Traditional Finance Solutions
What is an Offset Account?
An offset account is a transaction account linked to your mortgage/loan account. You should consider using this account for all salary/income/rent to flow though this account. The more money you have in this offset account the more you save on interest since your own funds offsets the mortgage/loan account.

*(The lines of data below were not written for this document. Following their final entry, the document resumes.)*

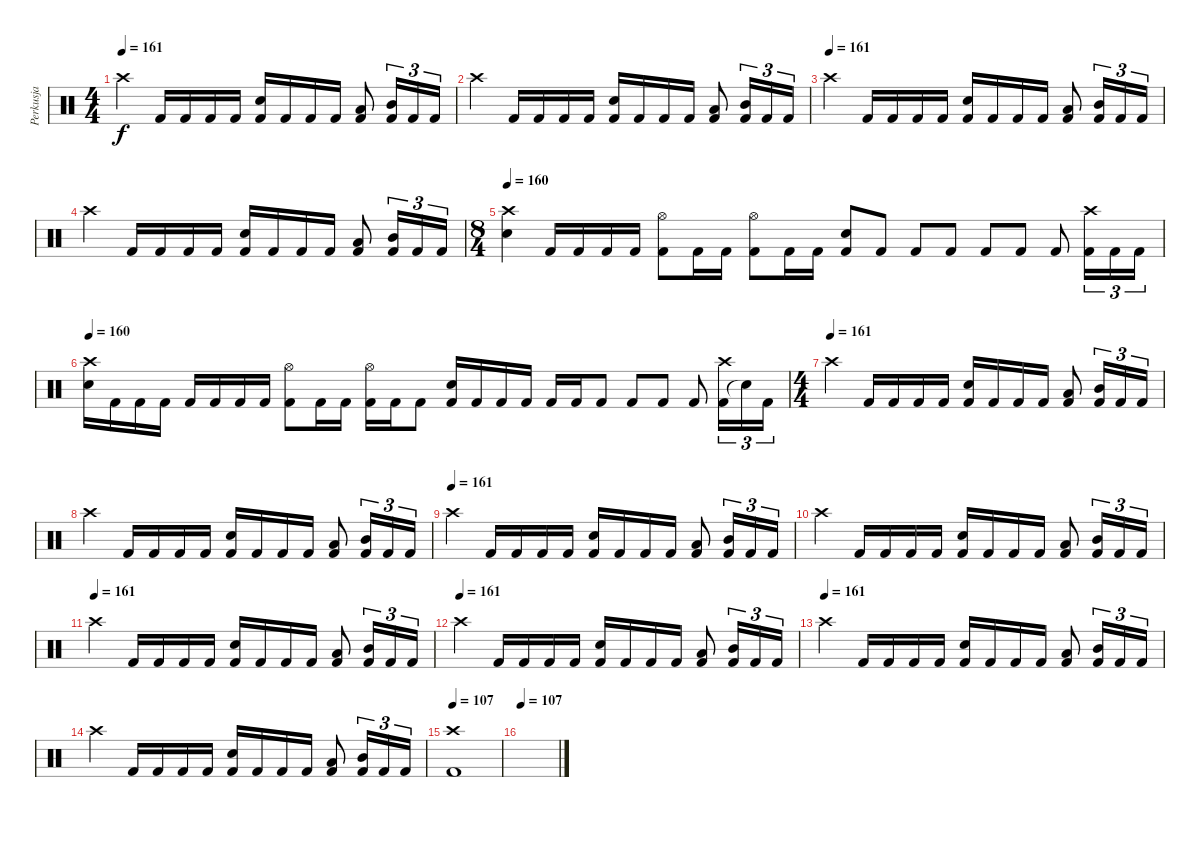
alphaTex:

\track ("Perkusja" "Perkusja") {instrument percussion}
\staff {score}
\articulation defaults
\ts (4 4)
\tempo 161
\clef neutral
\ks c "Crash high (hit)".4{dy f} "Kick (hit) 2".16 "Kick (hit) 2".16 "Kick (hit) 2".16 "Kick (hit) 2".16
("Kick (hit) 2" "Snare (hit) 2").16 "Kick (hit) 2".16 "Kick (hit) 2".16 "Kick (hit) 2".16 ("Kick (hit) 2" "Low Tom (hit)").8 ("Kick (hit) 2" "Mid Tom (hit)").16{tu (3 2)} "Kick (hit) 2".16{tu (3 2)} "Kick (hit) 2".16{tu (3 2)} |
"Crash high (hit)".4 "Kick (hit) 2".16 "Kick (hit) 2".16 "Kick (hit) 2".16 "Kick (hit) 2".16 ("Kick (hit) 2" "Snare (hit) 2").16 "Kick (hit) 2".16 "Kick (hit) 2".16 "Kick (hit) 2".16 ("Kick (hit) 2" "Low Tom (hit)").8 ("Kick (hit) 2" "Mid Tom (hit)").16{tu (3 2)} "Kick (hit) 2".16{tu (3 2)} "Kick (hit) 2".16{tu (3 2)} |
\tempo (161)
"Crash high (hit)".4 "Kick (hit) 2".16 "Kick (hit) 2".16 "Kick (hit) 2".16 "Kick (hit) 2".16 ("Kick (hit) 2" "Snare (hit) 2").16 "Kick (hit) 2".16 "Kick (hit) 2".16 "Kick (hit) 2".16 ("Kick (hit) 2" "Low Tom (hit)").8 ("Kick (hit) 2" "Mid Tom (hit)").16{tu (3 2)} "Kick (hit) 2".16{tu (3 2)} "Kick (hit) 2".16{tu (3 2)} |
"Crash high (hit)".4 "Kick (hit) 2".16 "Kick (hit) 2".16 "Kick (hit) 2".16 "Kick (hit) 2".16 ("Kick (hit) 2" "Snare (hit) 2").16 "Kick (hit) 2".16 "Kick (hit) 2".16 "Kick (hit) 2".16 ("Kick (hit) 2" "Low Tom (hit)").8 ("Kick (hit) 2" "Mid Tom (hit)").16{tu (3 2)} "Kick (hit) 2".16{tu (3 2)} "Kick (hit) 2".16{tu (3 2)} |
\ts (8 4)
\tempo 160
("Crash high (hit)" "Snare (hit) 2").4 "Kick (hit) 2".16 "Kick (hit) 2".16 "Kick (hit) 2".16 "Kick (hit) 2".16 ("Kick (hit) 2" "Hi-Hat (open)").8 "Kick (hit) 2".16 "Kick (hit) 2".16 ("Kick (hit) 2" "Hi-Hat (open)").8 "Kick (hit) 2".16 "Kick (hit) 2".16 ("Kick (hit) 2" "Snare (hit) 2").8 "Kick (hit) 2".8 "Kick (hit) 2".8 "Kick (hit) 2".8 "Kick (hit) 2".8 "Kick (hit) 2".8 "Kick (hit) 2".8 ("Kick (hit) 2" "Crash high (hit)").16{tu (3 2)} "Kick (hit) 2".16{tu (3 2)} "Kick (hit) 2".16{tu (3 2)} |
\tempo 160
("Crash high (hit)" "Snare (hit) 2").16 "Kick (hit) 2".16 "Kick (hit) 2".16 "Kick (hit) 2".16 "Kick (hit) 2".16 "Kick (hit) 2".16 "Kick (hit) 2".16 "Kick (hit) 2".16 ("Kick (hit) 2" "Hi-Hat (open)").8 "Kick (hit) 2".16 "Kick (hit) 2".16 ("Kick (hit) 2" "Hi-Hat (open)").16 "Kick (hit) 2".16 "Kick (hit) 2".8 ("Kick (hit) 2" "Snare (hit) 2").16 "Kick (hit) 2".16 "Kick (hit) 2".16 "Kick (hit) 2".16 "Kick (hit) 2".16 "Kick (hit) 2".16 "Kick (hit) 2".8 "Kick (hit) 2".8 "Kick (hit) 2".8 "Kick (hit) 2".8 ("Kick (hit) 2" "Crash high (hit)").16{tu (3 2)} "Snare (hit)"{t}.16{tu (3 2)} "Kick (hit) 2".16{tu (3 2)} |
\ts (4 4)
\tempo (161)
"Crash high (hit)".4 "Kick (hit) 2".16 "Kick (hit) 2".16 "Kick (hit) 2".16 "Kick (hit) 2".16 ("Kick (hit) 2" "Snare (hit) 2").16 "Kick (hit) 2".16 "Kick (hit) 2".16 "Kick (hit) 2".16 ("Kick (hit) 2" "Low Tom (hit)").8 ("Kick (hit) 2" "Mid Tom (hit)").16{tu (3 2)} "Kick (hit) 2".16{tu (3 2)} "Kick (hit) 2".16{tu (3 2)} |
"Crash high (hit)".4 "Kick (hit) 2".16 "Kick (hit) 2".16 "Kick (hit) 2".16 "Kick (hit) 2".16 ("Kick (hit) 2" "Snare (hit) 2").16 "Kick (hit) 2".16 "Kick (hit) 2".16 "Kick (hit) 2".16 ("Kick (hit) 2" "Low Tom (hit)").8 ("Kick (hit) 2" "Mid Tom (hit)").16{tu (3 2)} "Kick (hit) 2".16{tu (3 2)} "Kick (hit) 2".16{tu (3 2)} |
\tempo (161)
"Crash high (hit)".4 "Kick (hit) 2".16 "Kick (hit) 2".16 "Kick (hit) 2".16 "Kick (hit) 2".16 ("Kick (hit) 2" "Snare (hit) 2").16 "Kick (hit) 2".16 "Kick (hit) 2".16 "Kick (hit) 2".16 ("Kick (hit) 2" "Low Tom (hit)").8 ("Kick (hit) 2" "Mid Tom (hit)").16{tu (3 2)} "Kick (hit) 2".16{tu (3 2)} "Kick (hit) 2".16{tu (3 2)} |
"Crash high (hit)".4 "Kick (hit) 2".16 "Kick (hit) 2".16 "Kick (hit) 2".16 "Kick (hit) 2".16 ("Kick (hit) 2" "Snare (hit) 2").16 "Kick (hit) 2".16 "Kick (hit) 2".16 "Kick (hit) 2".16 ("Kick (hit) 2" "Low Tom (hit)").8 ("Kick (hit) 2" "Mid Tom (hit)").16{tu (3 2)} "Kick (hit) 2".16{tu (3 2)} "Kick (hit) 2".16{tu (3 2)} |
\tempo (161)
"Crash high (hit)".4 "Kick (hit) 2".16 "Kick (hit) 2".16 "Kick (hit) 2".16 "Kick (hit) 2".16 ("Kick (hit) 2" "Snare (hit) 2").16 "Kick (hit) 2".16 "Kick (hit) 2".16 "Kick (hit) 2".16 ("Kick (hit) 2" "Low Tom (hit)").8 ("Kick (hit) 2" "Mid Tom (hit)").16{tu (3 2)} "Kick (hit) 2".16{tu (3 2)} "Kick (hit) 2".16{tu (3 2)} |
\tempo (161)
"Crash high (hit)".4 "Kick (hit) 2".16 "Kick (hit) 2".16 "Kick (hit) 2".16 "Kick (hit) 2".16 ("Kick (hit) 2" "Snare (hit) 2").16 "Kick (hit) 2".16 "Kick (hit) 2".16 "Kick (hit) 2".16 ("Kick (hit) 2" "Low Tom (hit)").8 ("Kick (hit) 2" "Mid Tom (hit)").16{tu (3 2)} "Kick (hit) 2".16{tu (3 2)} "Kick (hit) 2".16{tu (3 2)} |
\tempo (161)
"Crash high (hit)".4 "Kick (hit) 2".16 "Kick (hit) 2".16 "Kick (hit) 2".16 "Kick (hit) 2".16 ("Kick (hit) 2" "Snare (hit) 2").16 "Kick (hit) 2".16 "Kick (hit) 2".16 "Kick (hit) 2".16 ("Kick (hit) 2" "Low Tom (hit)").8 ("Kick (hit) 2" "Mid Tom (hit)").16{tu (3 2)} "Kick (hit) 2".16{tu (3 2)} "Kick (hit) 2".16{tu (3 2)} |
"Crash high (hit)".4 "Kick (hit) 2".16 "Kick (hit) 2".16 "Kick (hit) 2".16 "Kick (hit) 2".16 ("Kick (hit) 2" "Snare (hit) 2").16 "Kick (hit) 2".16 "Kick (hit) 2".16 "Kick (hit) 2".16 ("Kick (hit) 2" "Low Tom (hit)").8 ("Kick (hit) 2" "Mid Tom (hit)").16{tu (3 2)} "Kick (hit) 2".16{tu (3 2)} "Kick (hit) 2".16{tu (3 2)} |
\tempo 107
("Kick (hit) 2" "Crash high (hit)").1 |
\tempo 107

What is a Savings Account?
A savings account is also a transaction account however not linked to your mortgage/loan account. Traditionally banks will offer you a low interest on your savings balance which will become taxable, meaning you have to pay Tax on it. Ideally if you have a mortgage, the benefits of having an offset account instead of a savings account is far greater.
What is a “good loan”?
In our opinion, investment property loans are a “good loan” – why? Because it helps reduce your taxable income thus paying less tax. The interest on these loans are generally tax deductible (please confirm with your accountant) reducing your net declared income from your investment properties. This is also referred to as negative gearing.
What is a “bad loan”?
In our opinion owner-occupied home loans are a “bad loan” – why? Because they are not tax deductible and need to be paid from your after-tax income. Therefore, we always recommend and strategise with our customers to find ways to pay off their home loans as soon as possible.
What is “Equity”?
This is an interesting one. Many of our clients get this wrong. Equity on your property is not the difference between property value and the loan amount. Equity is determined by the lender’s LVR policy. This means if your house is worth $1,000,000 and the current loan on it is $500,000 with lender’s policy of up to 80% LVR, then the equity on your property is $300,000. (Calc -$1,000,00 @ 80% LVR = $800,000 – $500,000 = $300,000). Your Equity may differ from lender to lender depending on their LVR policy.
What is a “LMI”?
Lender’s Mortgage Insurance (LMI). This insurance protects the lender if customers default on their loan. Typically banks/lenders will charge LMI if the LVR is over 80%, i.e. if customers don’t have at least 20% deposit towards the loan. We personally are not in favour of customers paying LMI however in some cases it’s unavoidable.
What is a “LVR”?
Loan to Value Ratio (LVR). If you purchase a property for $500,000 and you only have a 10% deposit or $50,000, you will need a loan of $450,000 or 90% LVR.
What is a “LVR”?
Loan to Value Ratio (LVR). If you purchase a property for $500,000 and you only have a 10% deposit or $50,000, you will need a loan of $450,000 or 90% LVR.